Contributions of Material Properties and Structure to Increased Bone Fragility for a Given Bone Mass in the UCD-T2DM Rat Model of Type 2 Diabetes

Abstract

Adults with type 2 diabetes (T2D) have a higher fracture risk for a given bone quantity, but the mechanisms remain unclear. Using a rat model of polygenic obese T2D, we demonstrate that diabetes significantly reduces whole-bone strength for a given bone mass (μCT-derived BMC), and we quantify the roles of T2D-induced deficits in material properties versus bone structure; ie, geometry and microarchitecture. Lumbar vertebrae and ulnae were harvested from 6-month-old lean Sprague-Dawley rats, obese Sprague-Dawley rats, and diabetic obese UCD-T2DM rats (diabetic for 69 ± 7 days; blood glucose >200 mg/dL). Both obese rats and those with diabetes had reduced whole-bone strength for a given BMC. In obese rats, this was attributable to structural deficits, whereas in UCD-T2DM rats, this was attributable to structural deficits and to deficits in tissue material properties. For the vertebra, deficits in bone structure included thinner and more rod-like trabeculae; for the ulnae, these deficits included inefficient distribution of bone mass to resist bending. Deficits in ulnar material properties in UCD-T2DM rats were associated with increased non-enzymatic crosslinking and impaired collagen fibril deformation. Specifically, small-angle X-ray scattering revealed that diabetes reduced collagen fibril ultimate strain by 40%, and those changes coincided with significant reductions in the elastic, yield, and ultimate tensile properties of the bone tissue. Importantly, the biomechanical effects of these material property deficits were substantial. Prescribing diabetes-specific tissue yield strains in high-resolution finite element models reduced whole-bone strength by a similar amount (and in some cases a 3.4-fold greater amount) as the structural deficits. These findings provide insight into factors that increase bone fragility for a given bone mass in T2D; not only does diabetes associate with less biomechanically efficient bone structure, but diabetes also reduces tissue ductility by limiting collagen fibril deformation, and in doing so, reduces the maximum load capacity of the bone. © 2018 American Society for Bone and Mineral Research.

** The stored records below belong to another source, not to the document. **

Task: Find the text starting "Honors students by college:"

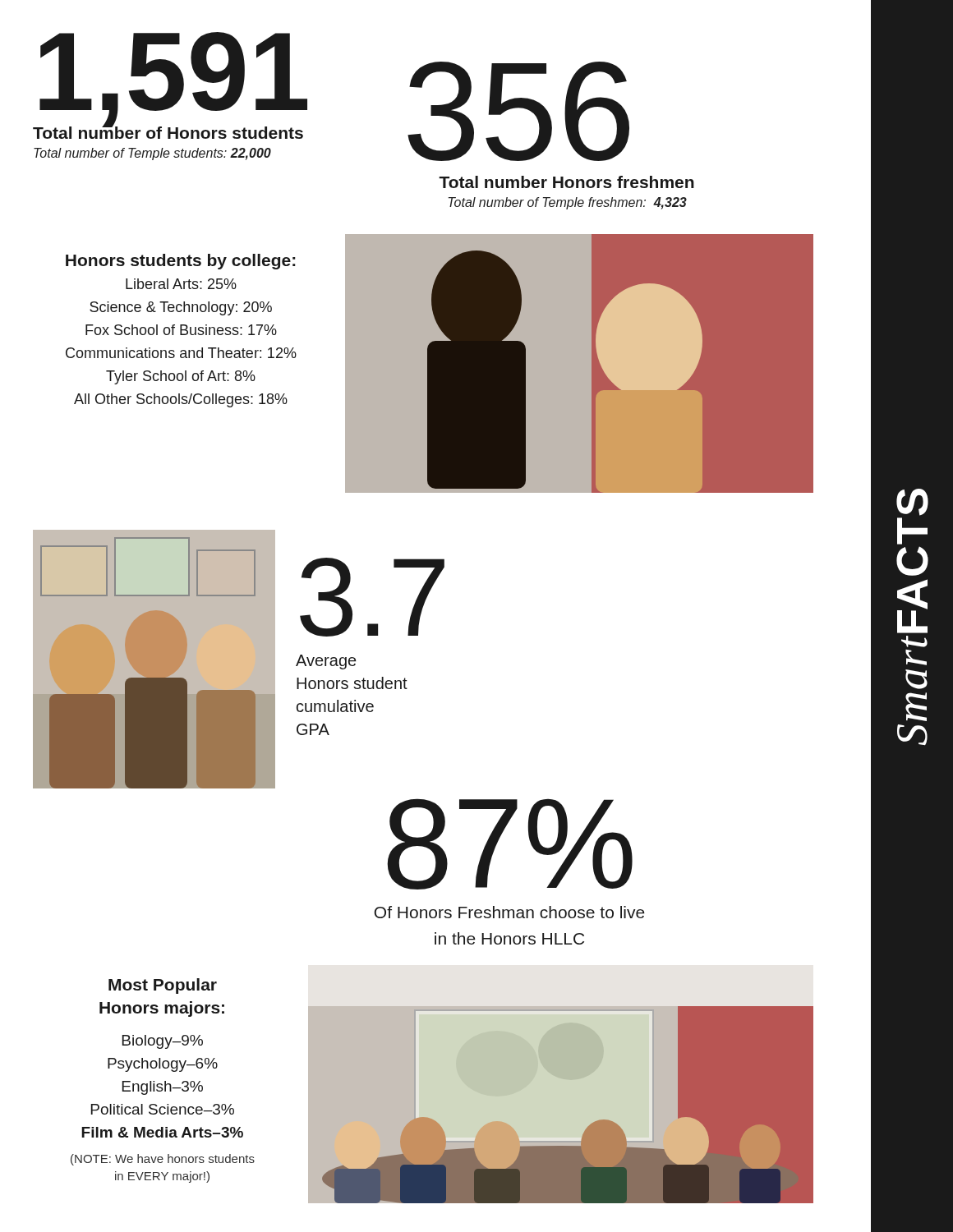Action: click(181, 260)
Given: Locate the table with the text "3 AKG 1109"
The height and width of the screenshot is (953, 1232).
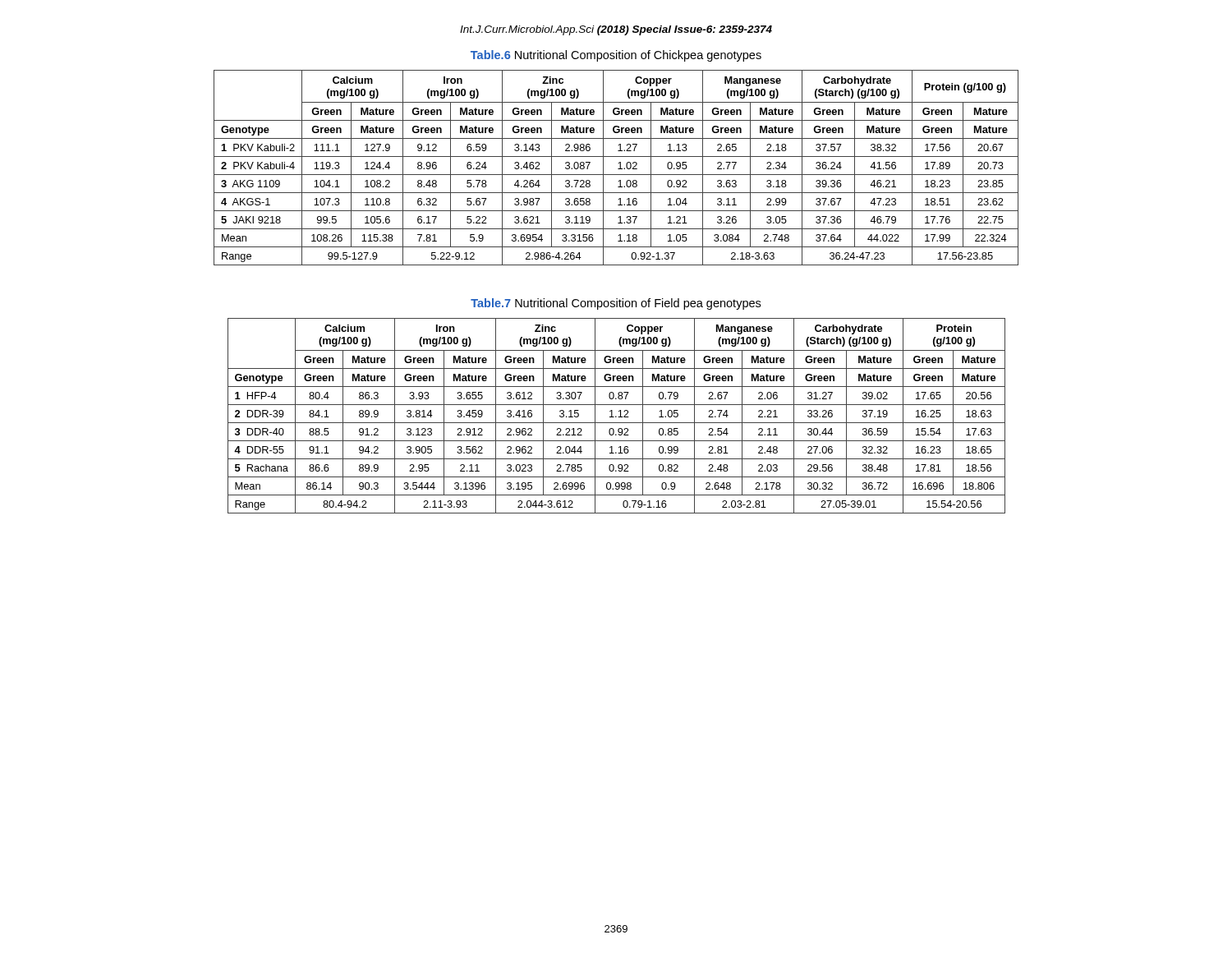Looking at the screenshot, I should 616,168.
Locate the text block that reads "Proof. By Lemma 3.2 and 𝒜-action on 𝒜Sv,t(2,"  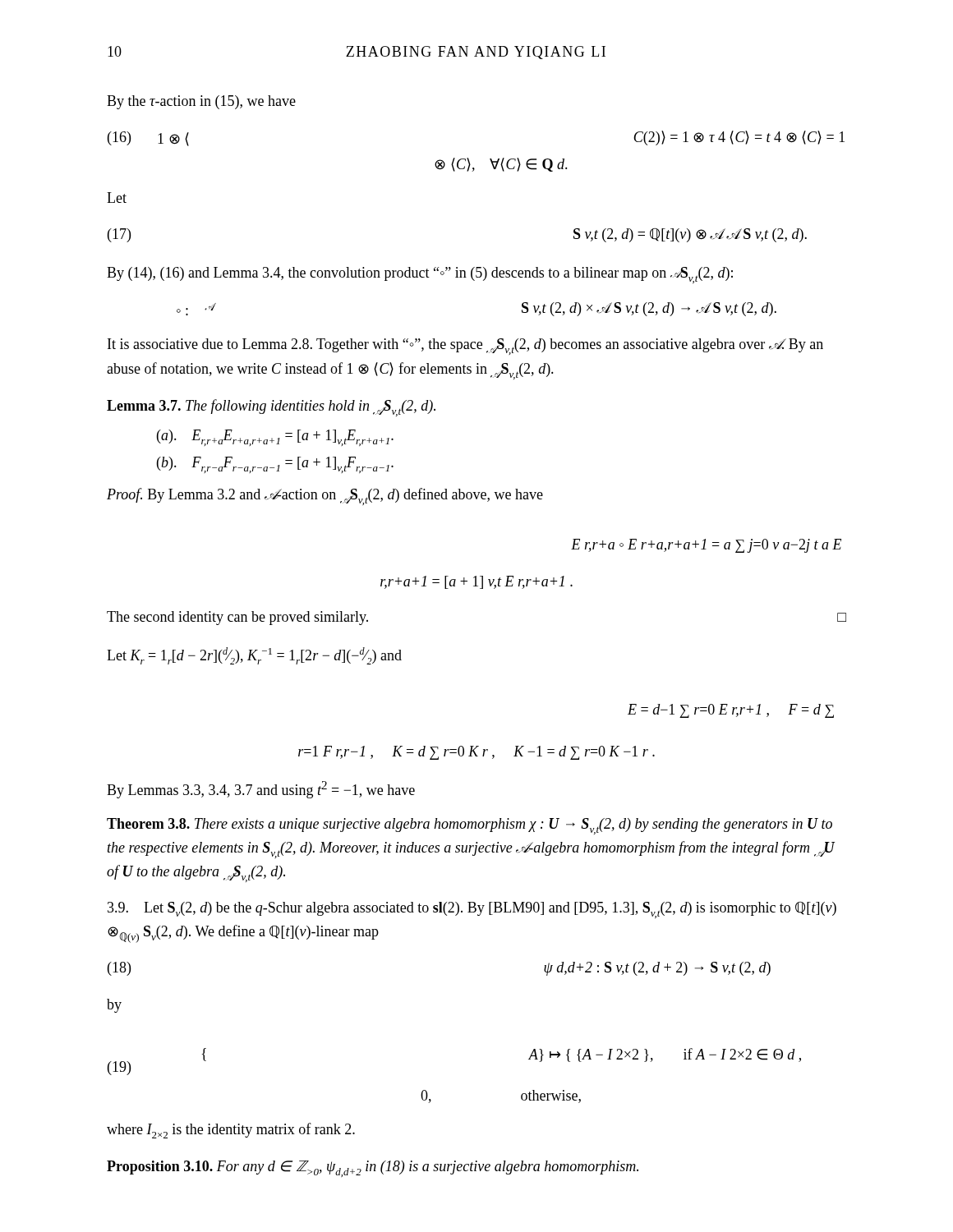[325, 496]
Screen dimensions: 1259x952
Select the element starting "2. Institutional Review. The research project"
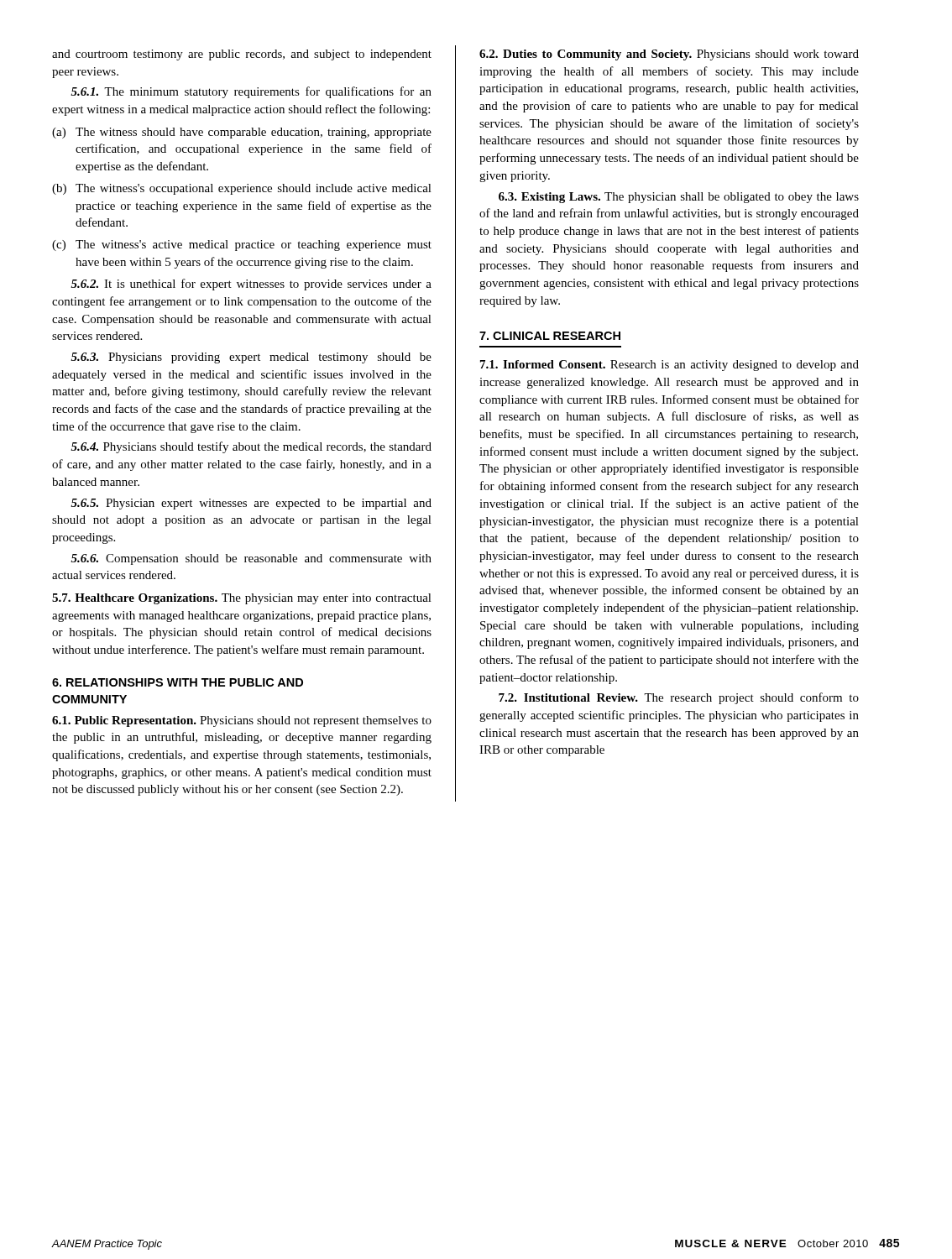pos(669,724)
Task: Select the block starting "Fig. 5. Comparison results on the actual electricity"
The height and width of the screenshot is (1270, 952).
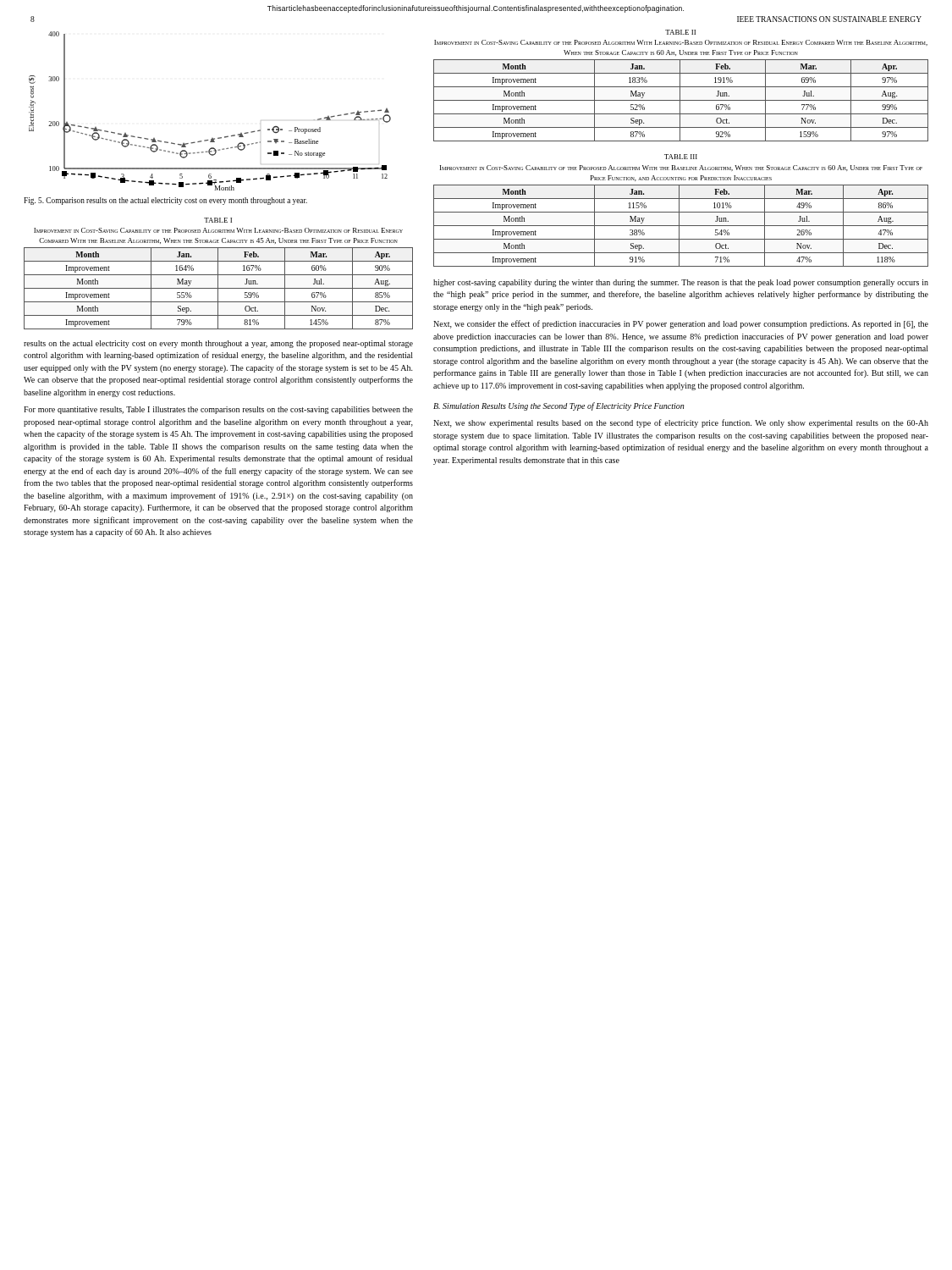Action: pos(166,201)
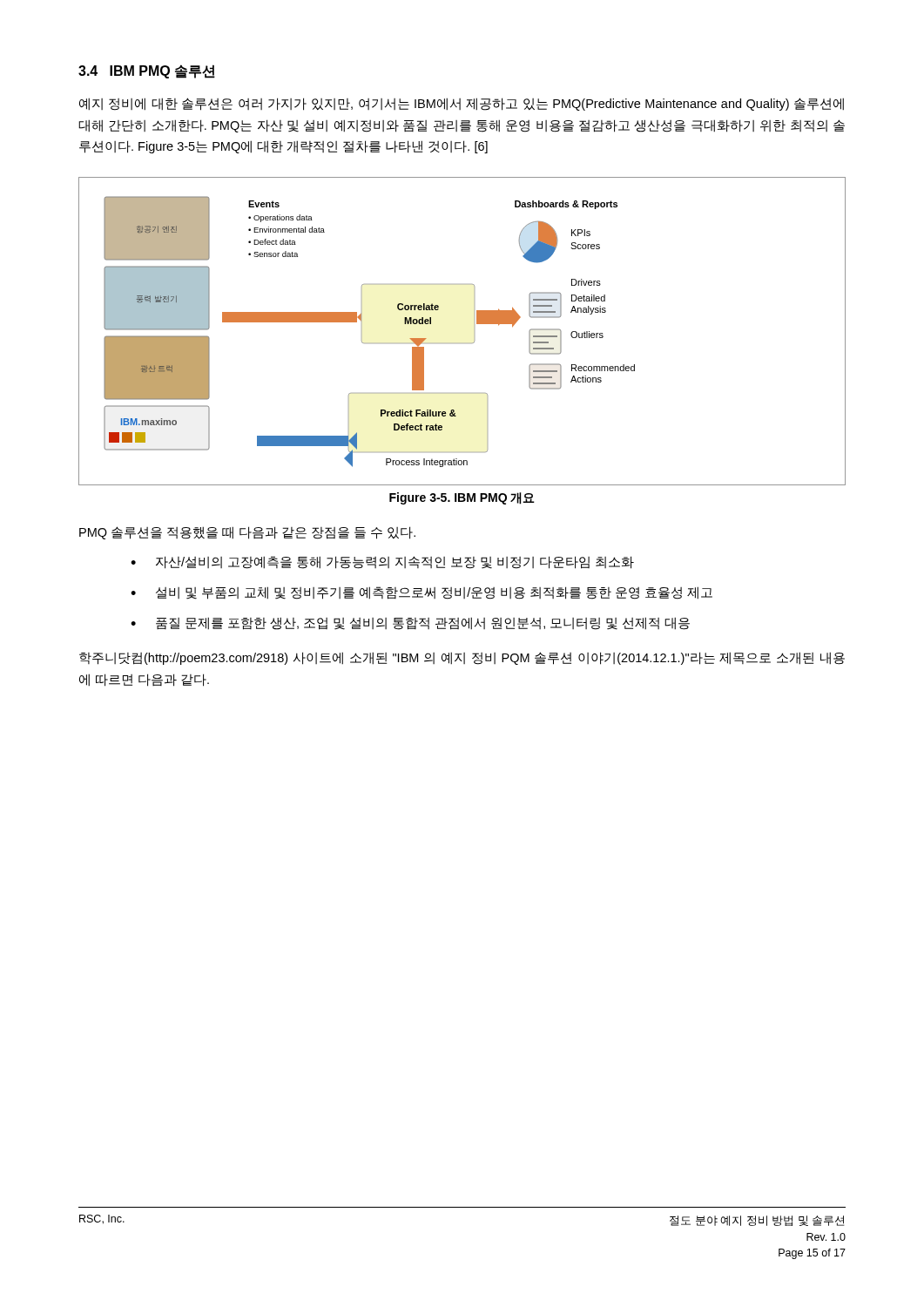
Task: Click on the infographic
Action: (x=462, y=331)
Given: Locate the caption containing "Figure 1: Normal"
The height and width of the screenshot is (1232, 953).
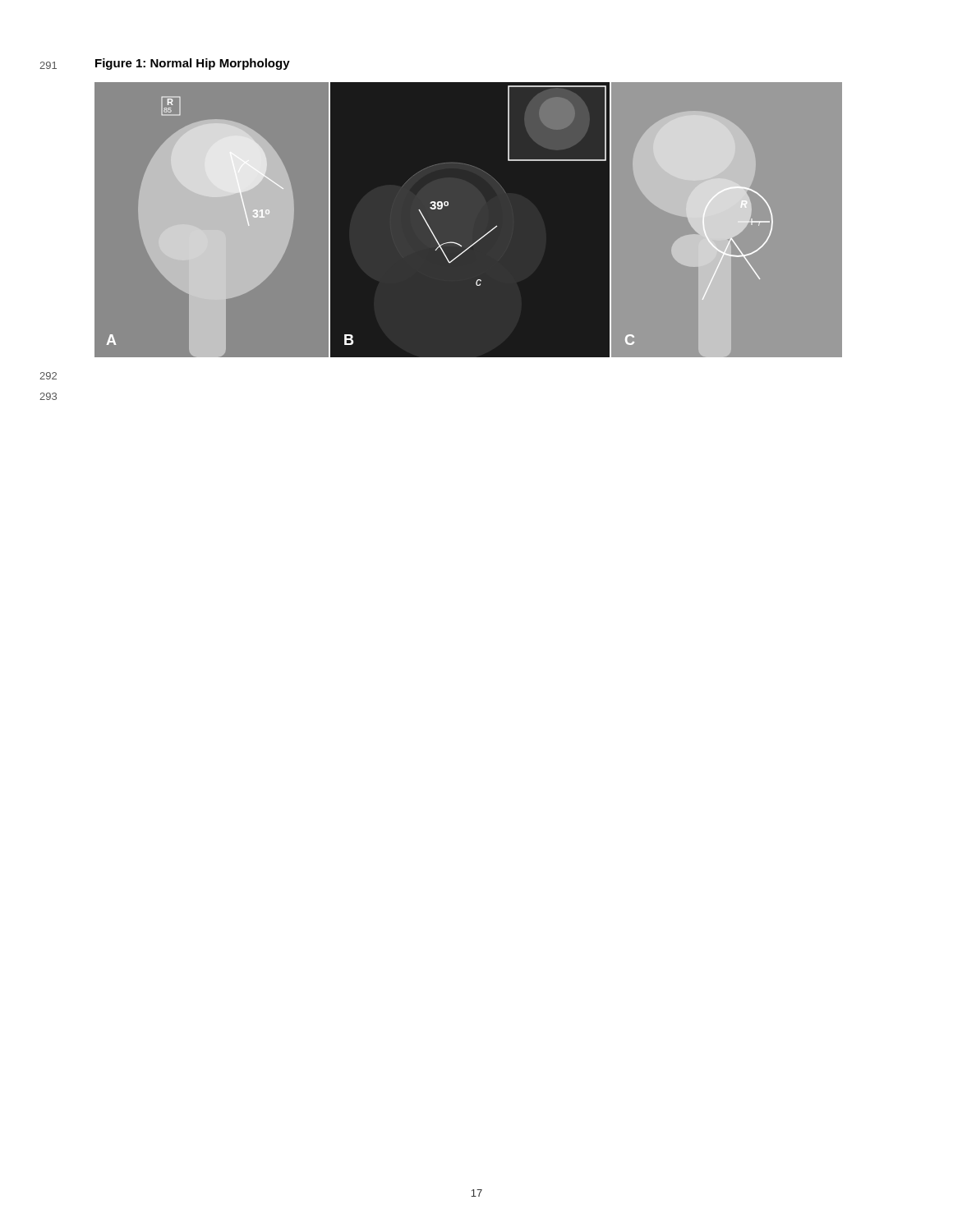Looking at the screenshot, I should pos(192,63).
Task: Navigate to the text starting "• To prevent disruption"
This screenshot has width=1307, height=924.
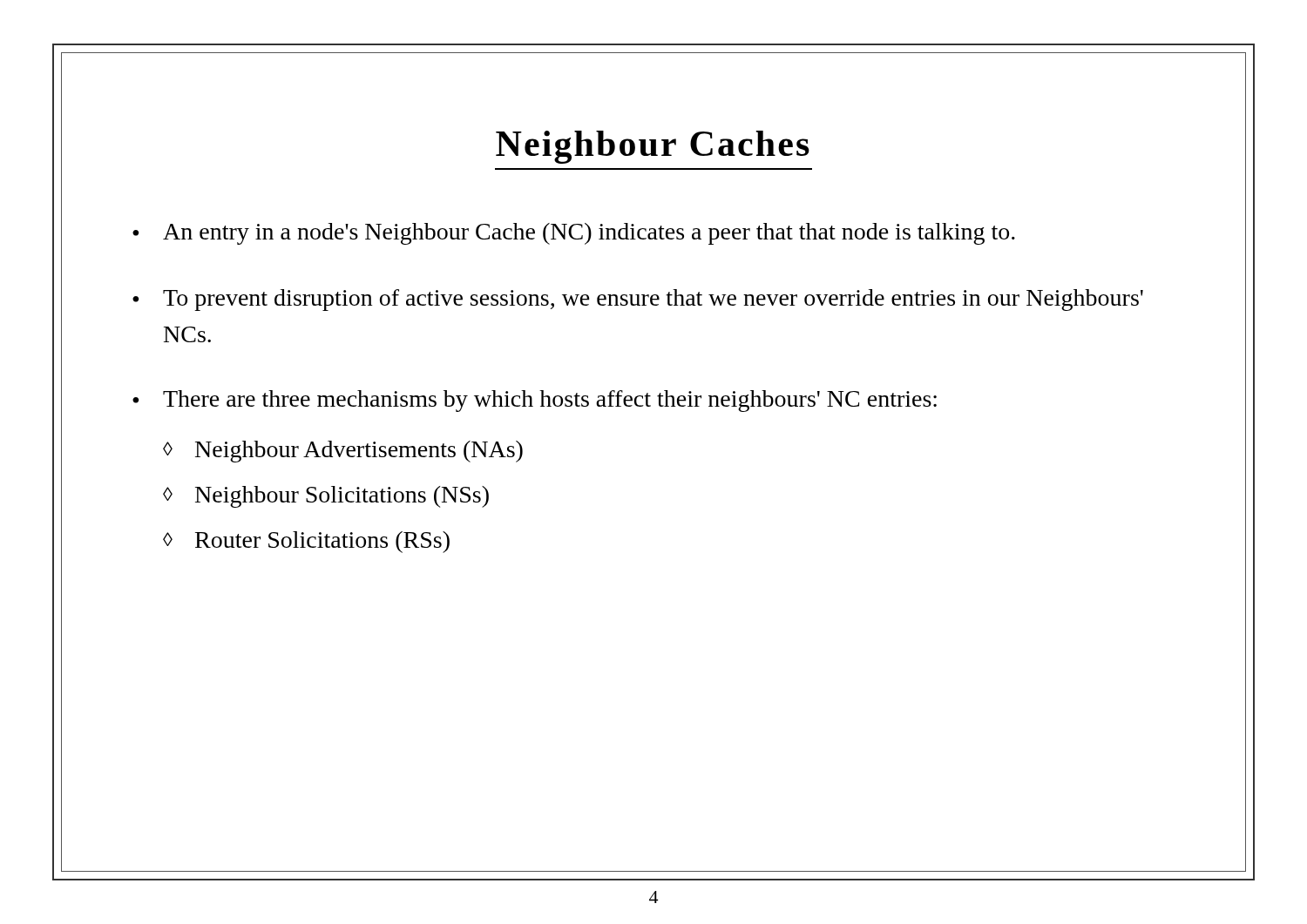Action: [654, 316]

Keywords: BIOMECHANICS; BONE μCT; COLLAGEN; METABOLISM; PRECLINICAL STUDIES.

Figure 1

L4 vertebrae (without endplates) and right ulnae (15-mm long region from the mid-shaft) from lean control rats, obese non-diabetic rats, and diabetic obese rats. Bones were scanned with micro-CT prior to mechanical testing, and the scans were then used to create high-resolution finite element models. Mineral density-shaded cross-sections from obese rats and those with diabetes illustrate differences in bone geometry and trabecular microarchitecture compared to those from lean controls.

Figure 2

Obese rats and those with diabetes showed significant reductions in whole-bone biomechanical properties per unit bone mass, BMC. Vertebral properties (A-C) were measured in compression; unlar mid-shaft properties (D-F) were measured in 3-point bending. Data are mean ± SEM for n = 5–6 rats/group. ^a p < 0.01 vs. control; ^b p < 0.01 vs. obese; ^c p < 0.05 vs. control; ^d p < 0.05 vs. obese

Figure 3

Collagen fibril deformation during ulna tensile testing was measured by SAXS. Diabetes reduced fibril strain, particularly at tissue strains above 0.5% (A) and culminating with a 40% reduction in fibril ultimate strain (B). Reductions in fibril strain coincided with a 27% increase in AGEs (C). Data are mean ± SEM for n = 4–5 rats/group. ^a p < 0.05 vs. control

Figure 4

High-resolution finite element analysis of the vertebrae (A & B) and ulnae (C & D) was used to estimate the relative roles of diabetes-induced deficits in bone geometry and architecture vs. material properties. Vertebral behavior was evaluated in compression; unlar mid-shaft behavior was evaluated in 3-point bending. For the elastic biomechanical properties (A & C), models of the bones from lean control rats and those with diabetes were assigned either the average tissue modulus of the bones in the control group or the specimen-specific tissue modulus derived from the micro-CT-based measurements of tissue mineral density. For the biomechanical properties at yield (B & D), models of the bones were assigned either the average tissue modulus and tissue yield strain of the bones in the control group or the specimen-specific tissue modulus and yield strain measured from the SAXS experiments.